Я зорко всматривался и ничего не видал. Но мой маленький мальчик уже увидал, различил и, может быть, больше, чем сама фея Фантаста.
– Я вижу свет, – говорил он, – свет неясный… Заря это или зарево пожара? Но как хорош этот свет! О! как он дивно прекрасен!..
И я сам увидал этот свет. Да! Он был дивно прекрасен. И я начал будить другого спящего мальчугана. Он проснулся, посмотрел, мигая сонными глазами, ничего не видя, посмотрел на свет, на море, на небо, – повернулся и снова свалился и заснул.

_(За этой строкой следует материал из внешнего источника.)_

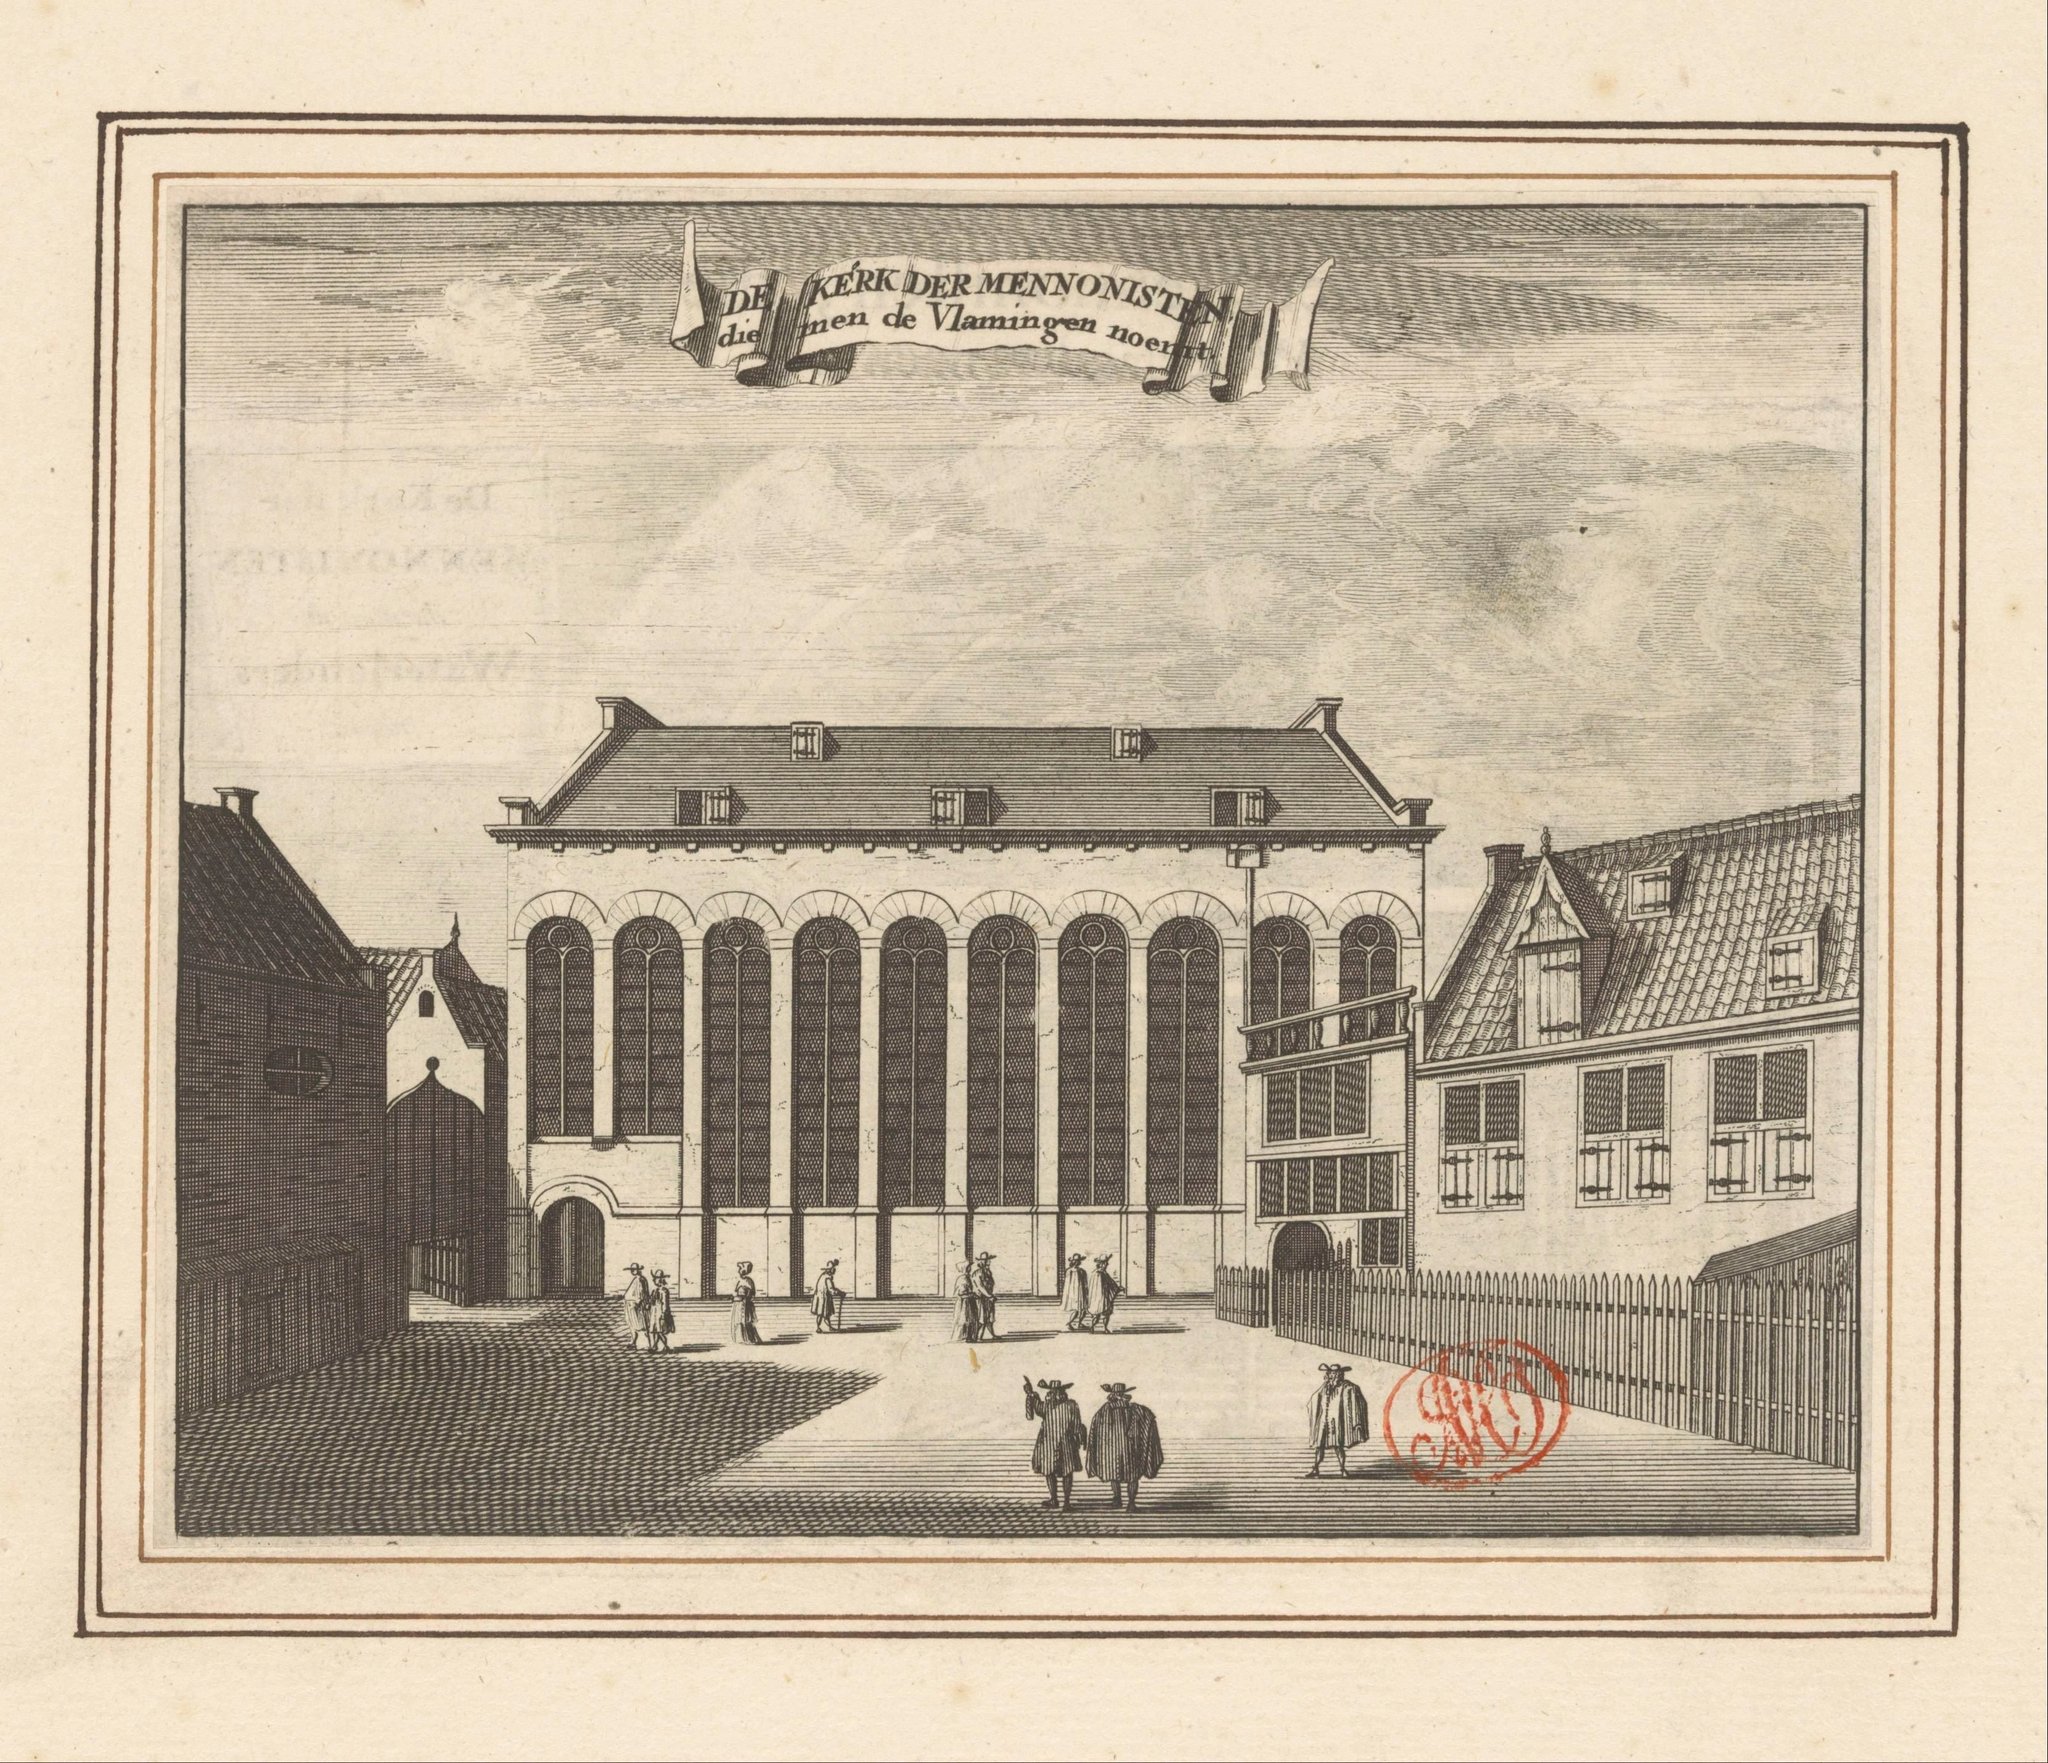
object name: print
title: Gezicht op de Doopsgezinde Kerk Bij 't Lam te Amsterdam
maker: Anonymous
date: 1693-1694
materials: paper
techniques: engraving, etching
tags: protestant churches and denominations (mennonites), church (exterior)
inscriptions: collector's mark: Lugt 2233, collector's mark: Lugt 195
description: Prent gebruikt in: Commelin, Caspar. Beschryvinge van Amsterdam, desselfs eerste oorspronk uyt den Huyse (…). 2 delen. Amsterdam: Abraham Wolfgang, Gillis Janssonius van Waesberge, Johannes Janssonius van Waesberge II, weduwe Dirk Boom I, Hendrick Boom en Rembertus Goethals, 1693. Of in: Commelin, Caspar. Beschryvinge van Amsterdam, zynde een naukeurige verhandelinge van desselfs eerste oorspronk uyt (…). 2 delen. Amsterdam: weduwe Aart Dircksz Oossaan, 1694. Op verso tekst in boekdruk en een andere prent (zelfde als RP-P-AO-24-14-2). Latere staat ook gebruikt in: Commelin, Caspar. Beschryvinge van Amsterdam, zynde een naukeurige verhandelinge van desselfs eerste oorspronk uyt (…). 2 delen. 2e druk. Amsterdam: Andries van Damme, Johannes Ratelband, weduwe A. van Aaltwyk en Hermanus Uytwerf, 1726.

– Оставь его, – сказала фея Фантаста. – Это – балласт!.. Но если бы не было этого тяжелого балласта, то не было бы и движения, и люди не могли бы отличить легкого от тяжелого, света от тьмы…
– Как же, – сказал я, – там, там, на горизонте виден свет, и мы его ясно различаем?
– Да! потому что он окружен тьмою. И здесь, где мы плывем, был для нас прежде свет и все уродливое казалось прекрасным.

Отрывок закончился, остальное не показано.